The Glorot initialization

We didn’t show inside the code above, nevertheless primarily probably the most well-known consequence from the paper by Glorot and Bengio is the Glorot initialization. Which suggests to initialize the weights of a layer of the neural group with uniform distribution:

The normalization difficulty may because of this truth be important when initializing deep networks because of the multiplicative affect by layers, and we suggest the subsequent initialization course of to roughly fulfill our targets of sustaining activation variances and back-propagated gradients variance as one strikes up or down the group.
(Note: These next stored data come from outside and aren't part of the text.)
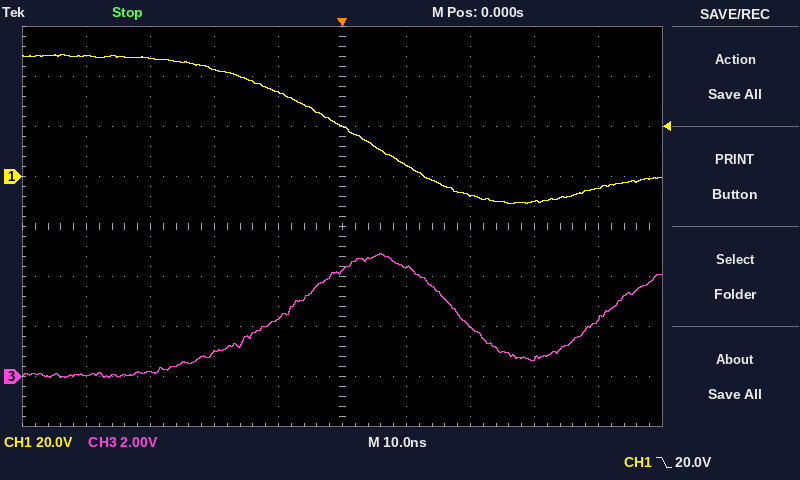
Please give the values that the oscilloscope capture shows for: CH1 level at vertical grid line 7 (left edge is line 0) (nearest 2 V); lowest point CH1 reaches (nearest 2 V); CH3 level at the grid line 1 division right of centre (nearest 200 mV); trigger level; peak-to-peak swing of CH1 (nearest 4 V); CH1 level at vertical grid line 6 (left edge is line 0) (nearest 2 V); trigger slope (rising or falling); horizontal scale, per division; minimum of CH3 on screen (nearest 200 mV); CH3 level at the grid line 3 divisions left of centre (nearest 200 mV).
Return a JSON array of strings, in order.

["-8 V", "-10 V", "4.4 V", "20.0 V", "60 V", "4 V", "falling", "10 ns", "0.0 V", "200 mV"]
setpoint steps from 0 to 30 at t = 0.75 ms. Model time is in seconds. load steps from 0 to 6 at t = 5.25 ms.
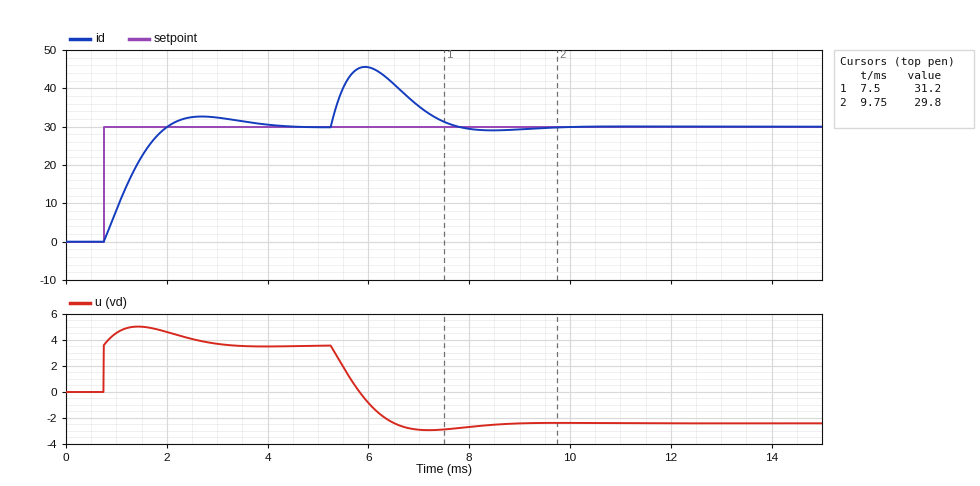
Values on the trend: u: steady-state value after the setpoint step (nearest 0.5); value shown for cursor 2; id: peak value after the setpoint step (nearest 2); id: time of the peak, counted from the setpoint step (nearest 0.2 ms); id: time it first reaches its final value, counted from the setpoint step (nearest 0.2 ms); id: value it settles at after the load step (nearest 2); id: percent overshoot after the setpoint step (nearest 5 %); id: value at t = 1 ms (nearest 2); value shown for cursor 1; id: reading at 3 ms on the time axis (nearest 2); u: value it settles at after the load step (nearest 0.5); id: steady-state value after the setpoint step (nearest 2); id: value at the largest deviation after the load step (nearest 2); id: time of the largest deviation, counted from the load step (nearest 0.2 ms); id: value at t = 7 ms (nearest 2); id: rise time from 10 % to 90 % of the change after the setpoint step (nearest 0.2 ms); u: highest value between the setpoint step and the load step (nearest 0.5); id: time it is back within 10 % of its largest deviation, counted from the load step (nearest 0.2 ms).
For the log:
3.5
29.8
32
2.0 ms
1.2 ms
30
10 %
8
31.2
32
-2.5
30
46
0.6 ms
36
1.0 ms
5.0
2.2 ms

We title it the normalized initialization:
$$
W sim UBig[-frac{sqrt{6}}{sqrt{n_j+n_{j+1}}}, frac{sqrt{6}}{sqrt{n_j+n_{j+1}}}Big]
$$

— “Understanding the difficulty of training deep feedforward neural networks” (2010)
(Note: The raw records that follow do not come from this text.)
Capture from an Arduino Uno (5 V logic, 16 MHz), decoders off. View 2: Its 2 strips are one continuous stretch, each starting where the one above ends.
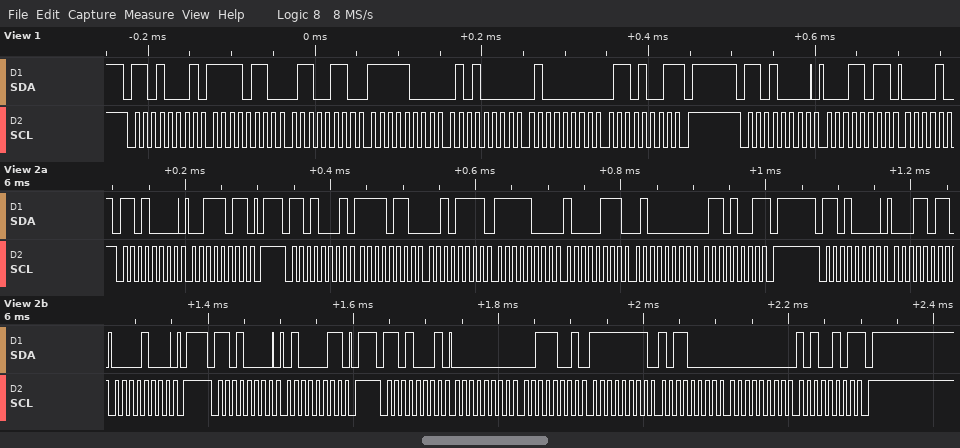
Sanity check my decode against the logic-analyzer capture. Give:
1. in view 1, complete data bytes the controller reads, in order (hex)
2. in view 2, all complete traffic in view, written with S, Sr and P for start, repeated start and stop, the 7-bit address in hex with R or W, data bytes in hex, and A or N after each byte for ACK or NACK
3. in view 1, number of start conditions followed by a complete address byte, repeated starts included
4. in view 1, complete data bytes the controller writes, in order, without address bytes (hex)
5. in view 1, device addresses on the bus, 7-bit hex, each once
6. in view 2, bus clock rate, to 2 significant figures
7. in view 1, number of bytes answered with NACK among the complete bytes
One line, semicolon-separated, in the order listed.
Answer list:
F6 66 F8 50 40 69; S 68W A 3B A P S 68R A F6 A 2F A F8 A 87 A 40 A 69 N P S 68W A 1B A 08 A P S 68W A 43 A P S 68R A 00 A 39 A FF A B0 A 00 A A5 N P; 2; 1B; 0x68; 100 kHz; 1
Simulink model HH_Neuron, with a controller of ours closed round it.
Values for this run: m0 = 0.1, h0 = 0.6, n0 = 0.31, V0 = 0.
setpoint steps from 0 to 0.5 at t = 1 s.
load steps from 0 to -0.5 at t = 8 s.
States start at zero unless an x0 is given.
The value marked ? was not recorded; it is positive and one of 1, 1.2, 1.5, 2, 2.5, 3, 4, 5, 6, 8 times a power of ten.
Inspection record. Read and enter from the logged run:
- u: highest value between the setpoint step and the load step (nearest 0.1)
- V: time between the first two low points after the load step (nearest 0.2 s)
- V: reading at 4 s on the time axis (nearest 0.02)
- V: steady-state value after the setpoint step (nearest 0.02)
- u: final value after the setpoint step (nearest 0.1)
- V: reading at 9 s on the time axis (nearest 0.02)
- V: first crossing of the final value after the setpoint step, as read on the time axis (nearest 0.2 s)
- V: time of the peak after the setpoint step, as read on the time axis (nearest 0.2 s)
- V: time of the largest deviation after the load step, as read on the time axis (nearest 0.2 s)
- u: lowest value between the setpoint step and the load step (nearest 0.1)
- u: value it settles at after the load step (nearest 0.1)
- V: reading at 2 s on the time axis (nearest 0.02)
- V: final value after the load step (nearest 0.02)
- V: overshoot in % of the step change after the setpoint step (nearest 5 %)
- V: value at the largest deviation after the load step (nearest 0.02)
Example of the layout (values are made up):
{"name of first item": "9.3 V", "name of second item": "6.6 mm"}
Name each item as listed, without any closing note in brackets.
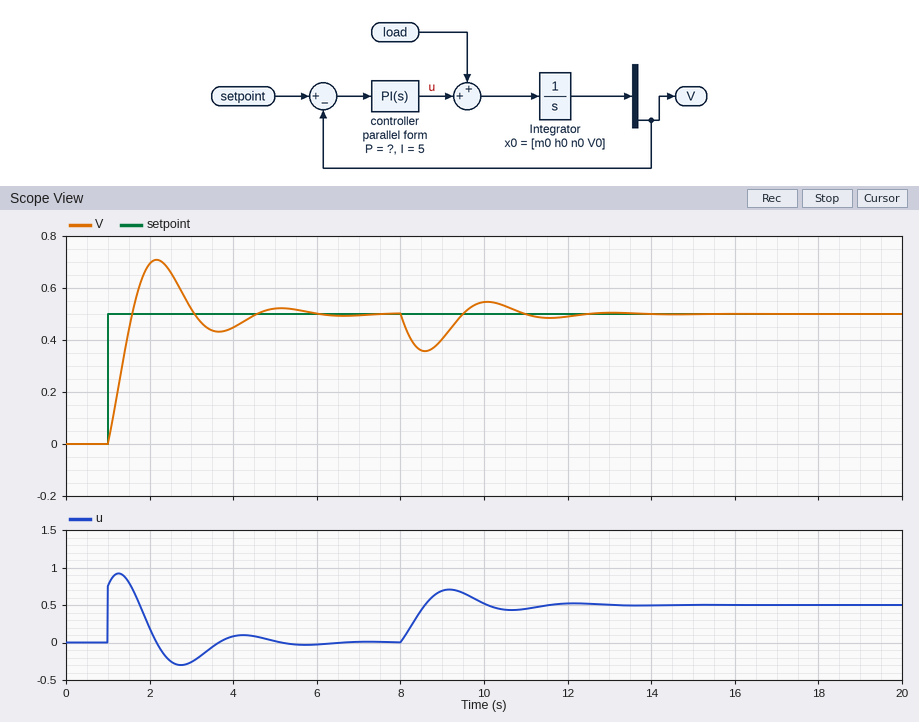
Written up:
{"u: highest value between the setpoint step and the load step": "0.9", "V: time between the first two low points after the load step": "3.0 s", "V: reading at 4 s on the time axis": "0.44", "V: steady-state value after the setpoint step": "0.50", "u: final value after the setpoint step": "0.0", "V: reading at 9 s on the time axis": "0.40", "V: first crossing of the final value after the setpoint step, as read on the time axis": "1.6 s", "V: time of the peak after the setpoint step, as read on the time axis": "2.2 s", "V: time of the largest deviation after the load step, as read on the time axis": "8.6 s", "u: lowest value between the setpoint step and the load step": "-0.3", "u: value it settles at after the load step": "0.5", "V: reading at 2 s on the time axis": "0.70", "V: final value after the load step": "0.50", "V: overshoot in % of the step change after the setpoint step": "40 %", "V: value at the largest deviation after the load step": "0.36"}
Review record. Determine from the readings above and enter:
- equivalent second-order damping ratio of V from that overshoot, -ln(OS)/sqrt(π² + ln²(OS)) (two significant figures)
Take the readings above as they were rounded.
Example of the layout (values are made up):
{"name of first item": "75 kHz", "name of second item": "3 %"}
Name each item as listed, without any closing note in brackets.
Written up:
{"equivalent second-order damping ratio of V from that overshoot, -ln(OS)/sqrt(π² + ln²(OS))": "0.28"}
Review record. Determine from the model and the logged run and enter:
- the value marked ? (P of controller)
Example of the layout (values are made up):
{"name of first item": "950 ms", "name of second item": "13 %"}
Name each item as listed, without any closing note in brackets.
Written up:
{"the value marked ?": "1.5"}
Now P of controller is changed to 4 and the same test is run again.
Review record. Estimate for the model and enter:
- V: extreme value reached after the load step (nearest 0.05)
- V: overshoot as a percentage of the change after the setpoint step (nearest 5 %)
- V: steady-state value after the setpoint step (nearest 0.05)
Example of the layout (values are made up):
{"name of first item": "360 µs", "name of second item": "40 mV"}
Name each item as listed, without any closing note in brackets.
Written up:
{"V: extreme value reached after the load step": "0.40", "V: overshoot as a percentage of the change after the setpoint step": "15 %", "V: steady-state value after the setpoint step": "0.50"}
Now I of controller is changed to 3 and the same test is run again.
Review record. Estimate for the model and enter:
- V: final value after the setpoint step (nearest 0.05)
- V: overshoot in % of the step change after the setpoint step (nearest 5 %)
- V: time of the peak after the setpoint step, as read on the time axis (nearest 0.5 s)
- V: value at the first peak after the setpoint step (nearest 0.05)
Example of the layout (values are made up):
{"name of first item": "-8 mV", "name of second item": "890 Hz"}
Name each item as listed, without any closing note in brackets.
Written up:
{"V: final value after the setpoint step": "0.50", "V: overshoot in % of the step change after the setpoint step": "35 %", "V: time of the peak after the setpoint step, as read on the time axis": "2.5 s", "V: value at the first peak after the setpoint step": "0.65"}

This is derived from the linear activation on the state of affairs that the standard deviation of the gradient is defending fixed all through the layers. In the sigmoid and tanh activation, the linear space is slender. Therefore we are going to understand why ReLU is the vital factor to workaround the vanishing gradient draw back. Comparing to altering the activation carry out, altering the burden initialization is way much less pronounced in serving to to resolve the vanishing gradient draw back. But this can be an prepare to be able to uncover to see how this may increasingly assist bettering the top outcome.

Summary

In this tutorial, you visually seen how a rectified linear unit (ReLU) could assist resolving the vanishing gradient draw back.
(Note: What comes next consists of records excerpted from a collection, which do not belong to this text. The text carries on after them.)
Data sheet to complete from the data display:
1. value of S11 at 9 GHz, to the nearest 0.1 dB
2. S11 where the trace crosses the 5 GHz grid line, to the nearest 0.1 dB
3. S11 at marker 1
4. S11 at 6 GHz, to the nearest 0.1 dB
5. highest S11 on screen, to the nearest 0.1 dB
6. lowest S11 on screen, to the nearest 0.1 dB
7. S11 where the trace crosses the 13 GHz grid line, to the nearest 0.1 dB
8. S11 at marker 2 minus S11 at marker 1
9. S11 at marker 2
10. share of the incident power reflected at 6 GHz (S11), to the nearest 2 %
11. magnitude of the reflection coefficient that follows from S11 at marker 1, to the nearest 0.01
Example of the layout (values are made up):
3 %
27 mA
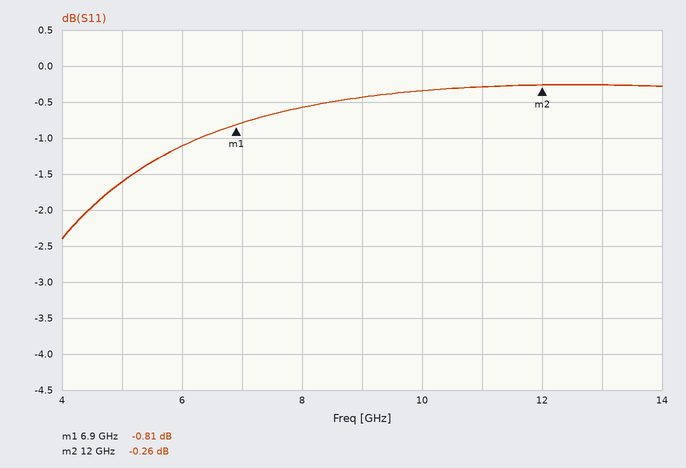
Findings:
-0.4 dB
-1.6 dB
-0.81 dB
-1.1 dB
-0.3 dB
-2.4 dB
-0.3 dB
0.55 dB
-0.26 dB
78 %
0.91
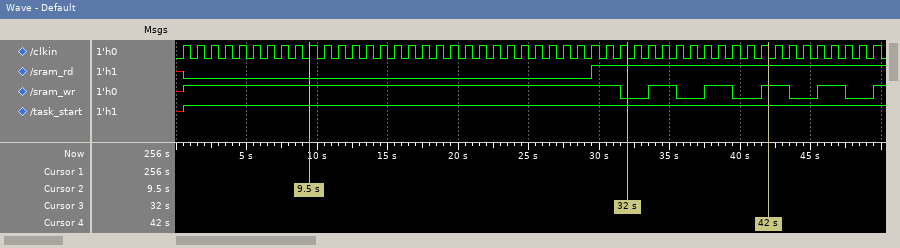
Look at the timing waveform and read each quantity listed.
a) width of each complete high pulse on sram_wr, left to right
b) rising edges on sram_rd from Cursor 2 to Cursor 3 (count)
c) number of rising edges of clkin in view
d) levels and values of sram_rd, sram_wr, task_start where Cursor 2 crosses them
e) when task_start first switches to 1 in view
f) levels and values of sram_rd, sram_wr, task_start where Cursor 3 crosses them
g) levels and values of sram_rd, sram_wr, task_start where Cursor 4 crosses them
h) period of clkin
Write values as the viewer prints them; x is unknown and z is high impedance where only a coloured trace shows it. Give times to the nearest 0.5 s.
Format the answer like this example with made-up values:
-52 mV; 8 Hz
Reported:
2 s, 2 s, 2 s, 2 s; 1; 50; sram_rd=0, sram_wr=1, task_start=1; 0.5 s; sram_rd=1, sram_wr=0, task_start=1; sram_rd=1, sram_wr=1, task_start=1; 1 s
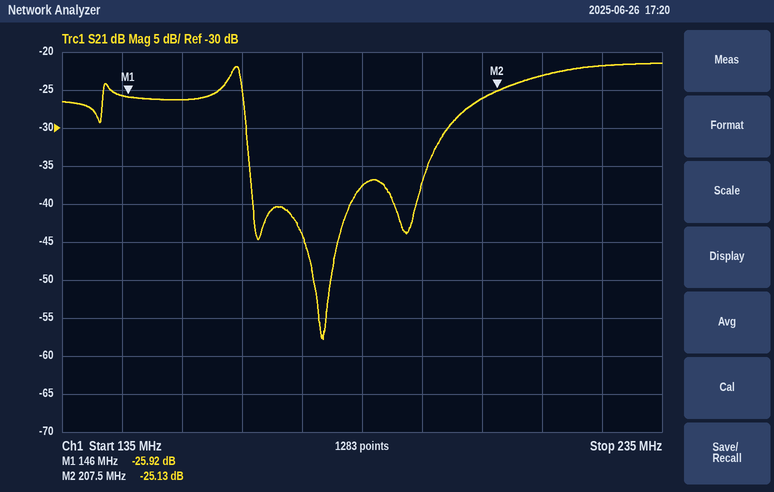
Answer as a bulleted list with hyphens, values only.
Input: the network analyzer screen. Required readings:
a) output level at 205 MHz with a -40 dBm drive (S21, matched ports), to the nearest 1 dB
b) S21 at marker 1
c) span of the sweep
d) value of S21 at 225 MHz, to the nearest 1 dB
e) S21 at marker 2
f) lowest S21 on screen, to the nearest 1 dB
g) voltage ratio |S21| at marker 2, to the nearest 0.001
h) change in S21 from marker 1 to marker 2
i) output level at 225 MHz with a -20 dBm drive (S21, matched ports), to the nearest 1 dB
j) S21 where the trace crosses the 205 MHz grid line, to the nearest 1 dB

- -66 dBm
- -25.92 dB
- 100 MHz
- -22 dB
- -25.13 dB
- -58 dB
- 0.055
- 0.79 dB
- -42 dBm
- -26 dB

Specifically, you realized:

How the difficulty of vanishing gradient impression the effectivity of a neural group
Why ReLU activation is the reply to vanishing gradient draw back
How to utilize a custom-made callback to extract data in the midst of teaching loop in Keras
How to place in writing a custom-made teaching loop
How to study the burden and gradient from a layer inside the neural group

Search This Blog

Solution Desk

Why Does My Snapchat AI Have a Story? Has Snapchat AI Been Hacked?